On Tuesday, there was a blind set up that I thought was way too tough for Molly. There was a lot of varying terrain and Molly loves to go where the hills take her. I was going to walk way out but my friend convinced me not to. I send her and she goes way left, up the hill instead of past it. Molly thinks the whistle sit means she's wrong and if I call her back, doubly wrong. She really can't handle being wrong. And, because of previous BAD popping issues, I am afraid of stopping her really early, so I was guilty of letting her take that line to the left for way too long. My friend tells me to call her back, and I do, but I am starting to worry. He tells me that he knows I am worried about momentum but the longer I let her take the line, the more she thinks she's going the right way. He tells me to line her up better and I try, but she still goes left. He tells me to call her back. At this point, Molly has been "wrong" twice in a row and I'm worried she will start freaking out on me. I'm convinced I have to shorten this blind and take the hill out of the equation but my friend suggests that I don't, even though he knows I am concerned about Molly breaking down. I am not sure how he convinced me to try this again without walking up. I send her a third time and stopped her before she got on the hill to the left. I gave her a right angled back and she surprises me with her momentum and takes a nice line. Would've been a better blind if she hadn't picked up a bumper that a previous dog had dropped on his way back from the blind. My friend basically said "I told you so" and that I was pretty much the only one who was worrying, not Molly. I do think that without the caution I had taken the last couple of months to boost her confidence, this blind would not have been so pretty. 
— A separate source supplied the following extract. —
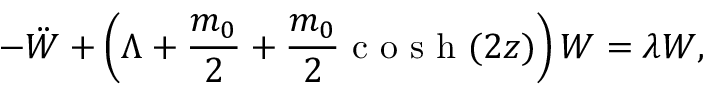<formula> <loc_0><loc_0><loc_500><loc_500>- \ddot { W } + \left ( \Lambda + \frac { m _ { 0 } } { 2 } + \frac { m _ { 0 } } { 2 } \cosh ( 2 z ) \right ) W = \lambda W ,</formula>

I am still not comfortable with pushing Molly too much, but maybe (hopefully) I don't need to baby her anymore.


----------



## gdgli

I think that you are right.


----------



## boomers_dawn

I also struggle with how much to push the dogs. Too much fail and correcting is counterproductive but if we don't push, they and we won't learn and grow together. I try to maintain some balance and think about every training session, "read" the dogs and try to determine if we need to back up, work on something before moving forward, or continue along.

I looked at my blind drill book today, it is by James B Spencer, "Retriever Training Drills for Blind Retrieves". I used to have the marking one, but I think I lent it to DST.

Spencer says his book is for amateurs and goes on to say retrievers have to learn more than hounds, pointers, and spaniels, because they have to learn blind retrieves which goes against natural behavior and is all learned! I never really thought of it that way, was encouraging, no wonder most of us feel like such bumblers LOL.

So he says in the book that dogs learn by repetition, just like us, hence the purpose of the drills. Obviously that's not how they learn everything, but the point is doing the drills helps learn the 3 parts of blinds.

He breaks blinds down into 3 parts that must be learned: lining, stopping, and casting. I flipped through some of the pics, most of it is stuff we learned / DST makes us do in class, etc. 

While I was rooting around the bookcase, I looked at a book called "Retriever Troubleshooting", by John and Amy Dahl. I looked at the section about noise and creeping, it was all lumped into the line manners section. I was pleased to see a lot of the advice was parallel to my beliefs that iron obedience and hard pressure may actually worsen the problems. They used a word "sublimation" and likened it to a tire pumped too full of air that will pop. They also advocated no reward for bad manners and upping the standard to the reward. That was good.

Today it is like 98% humidity, so we went in the front yard early and did our pattern blind. Dee Dee had the attention span of a gnat so I dummied hers down and moved closer to get her to do 6 of them. 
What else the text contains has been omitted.